Bu Edi akan bekerja di rumah ini terlebih setelah ini ayu juga akan melahirkan, dan Feli belum memiliki keterampilan atau pemahaman tentang wanita yang melahirkan.


jadi Aris meminta tolong pada wanita itu, dan beruntung Bu Edi mau melakukannya.


setelah acara di rumah Aris selesai, mulai terdengar suara cek sound, ya hari ini semua warga akan menikmati waktu pesta rakyat.


Aris dan semua pergi ke acara itu, terlebih Aris adalah salah satu tamu undangan.


ayu mengenakan baju yang cukup tebal, terlebih hawa malam ini cukup dingin.

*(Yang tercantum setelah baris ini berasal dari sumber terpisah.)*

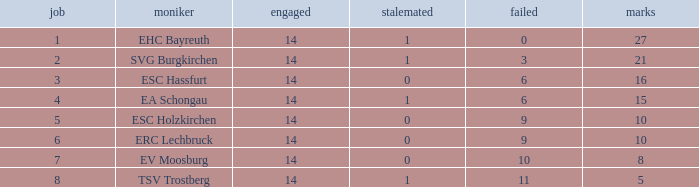What's the points that has a lost more 6, played less than 14 and a position more than 1? None. Parse the table in full. {'header': ['job', 'moniker', 'engaged', 'stalemated', 'failed', 'marks'], 'rows': [['1', 'EHC Bayreuth', '14', '1', '0', '27'], ['2', 'SVG Burgkirchen', '14', '1', '3', '21'], ['3', 'ESC Hassfurt', '14', '0', '6', '16'], ['4', 'EA Schongau', '14', '1', '6', '15'], ['5', 'ESC Holzkirchen', '14', '0', '9', '10'], ['6', 'ERC Lechbruck', '14', '0', '9', '10'], ['7', 'EV Moosburg', '14', '0', '10', '8'], ['8', 'TSV Trostberg', '14', '1', '11', '5']]} 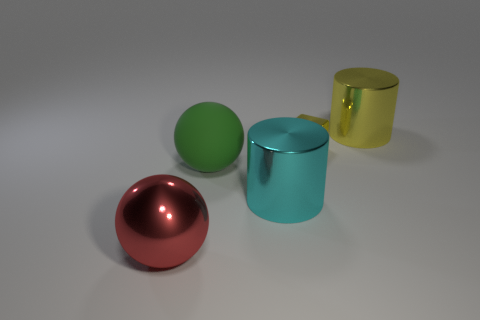What materials do the objects in the image appear to be made of? The objects in the image have a reflective surface that suggests they could be made of metal or a polished stone, each having a distinct, shiny appearance indicative of a carefully rendered texture.  Could you describe the lighting in the scene? The lighting in the scene is soft and diffuse, with the shadows indicating a light source above and to the right of the frame. This gentle illumination highlights the objects' contours and colors without creating harsh reflections. 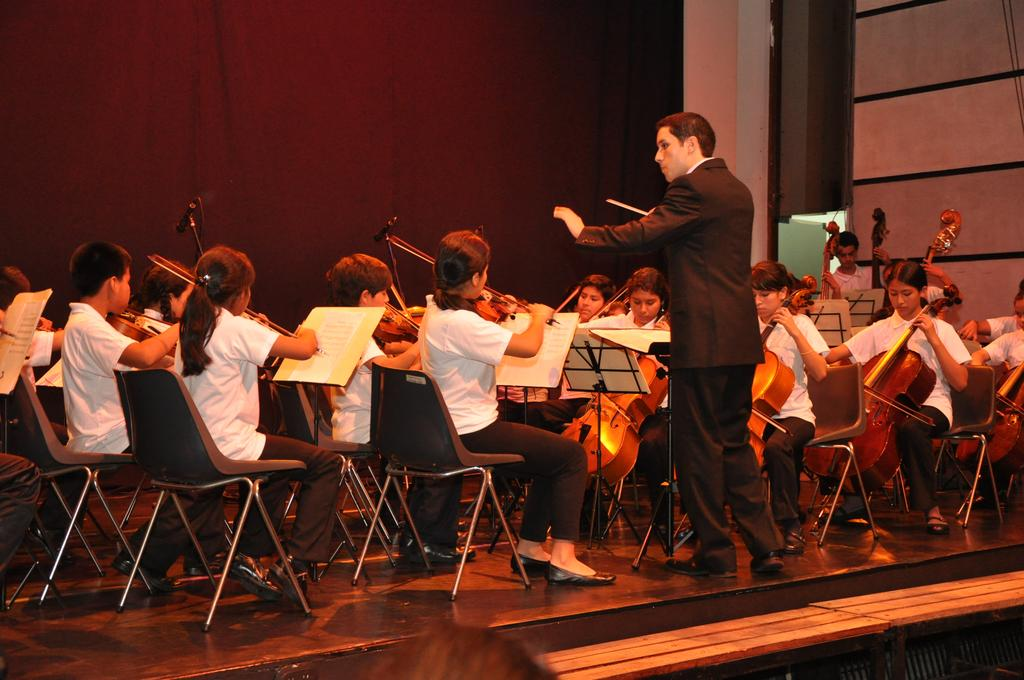What are the persons in the image doing? The persons in the image are sitting on chairs and playing violins. Can you describe the man in the image? The man is standing and holding a stick. What can be seen in the background of the image? There is a red curtain in the image. Can you tell me how many eyes are visible on the kite in the image? There is no kite present in the image, so it is not possible to determine how many eyes are visible on it. 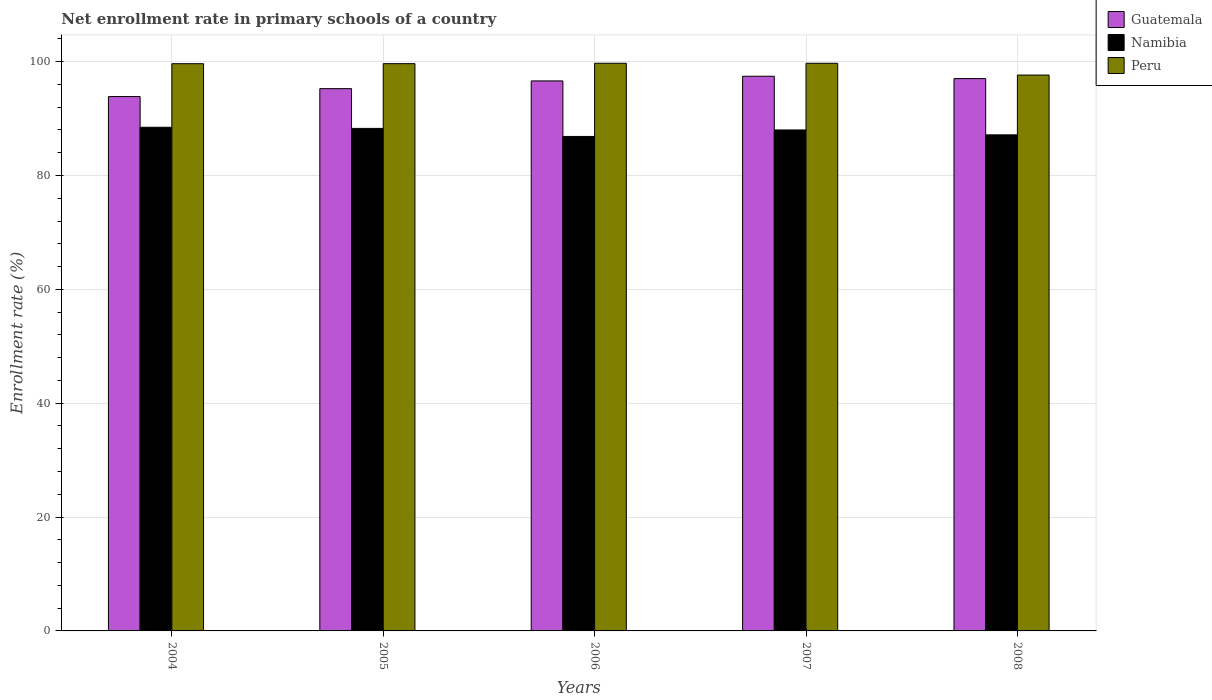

Feli dan Ayu terus berjalan bersama dan melihat-lihat para penjual yang sedang mengelar dagangannya.


mereka berdua bahkan bermain beberapa permainan yang tersedia, Aris hanya melihat keduanya dari kejauhan.


"Sugik terus awasi keduanya, kamu tau jika semua musuh kita tak sedikit," pesan Aris yang tak ingin terjadi apa-apa pada istrinya itu.


"saya mengerti bos, sekarang anda bisa pergi menemui pak haji dan yang lain," jawab Sugik.


"baiklah, aku percaya padaku," kata Aris yang langsung pergi.


Sugik langsung mendekat kearah keduanya, dan ikut bermain, Feli mengerti saat kakaknya itu membisikkan sesuatu.


Feli memberikan jempolnya, Sugik pun ingin memancing musuh dengan sedikit menjauh.


sedang saat Aris sampai di tempat para tamu undangan, terlihat semua orang ada di sana.


Priyono dan pak haji langsung menyapa sosok Aris yang begitu di tunggu.


"Alhamdulillah... akhirnya juragan bisa datang, ku kira anda tak bisa hadir, tapi di mana ibu juragan kok datang sendiri?" tanya pak haji.


"masih jalan-jalan pak haji, biasa dia selalu suka melihat penjual saat ada pesta rakyat seperti ini," jawab Aris.


"baiklah, duduk dulu mas, mungkin sebentar lagi acara di mulai," kata pak haji mempersilahkan aris.


"awas ibu juragan hilang nanti," kata pak Jatmiko yang mendukung pak Hartono.


pria itu masih belum rela jika orang yang di dukungnya kalah, "wah kenapa anda tiba-tiba khawatir terhadap istriku, dia tak mungkin akan hilang di saat semua orang mengenalnya," kata Aris tersenyum.


"tapi di saat seperti ini tidak akan ada orang yang akan memperhatikannya, jadi itu mungkin bisa terjadi," kata pria itu dengan senyum yang menyeringai.


Aris sudah memperhitungkan segalanya, Sugik sedang merokok, Feli menyadari sudah di awasi setidaknya ada empat orang di sekitarnya.


dia memberikan kode pada Sugik dengan menyentuh kepalanya, Sugik pun mencari keempat pria itu.


dia pun memakai masker dan memakai jaket hitam dan topi, dan dengan diam-diam mulai bergerak, sedang Feli menyentuh senjata yang di bawanya.


dan siap melakukan apapun untuk melindungi Ayu, terlebih dia sudah mendapatkan kepercayaan dari Aris.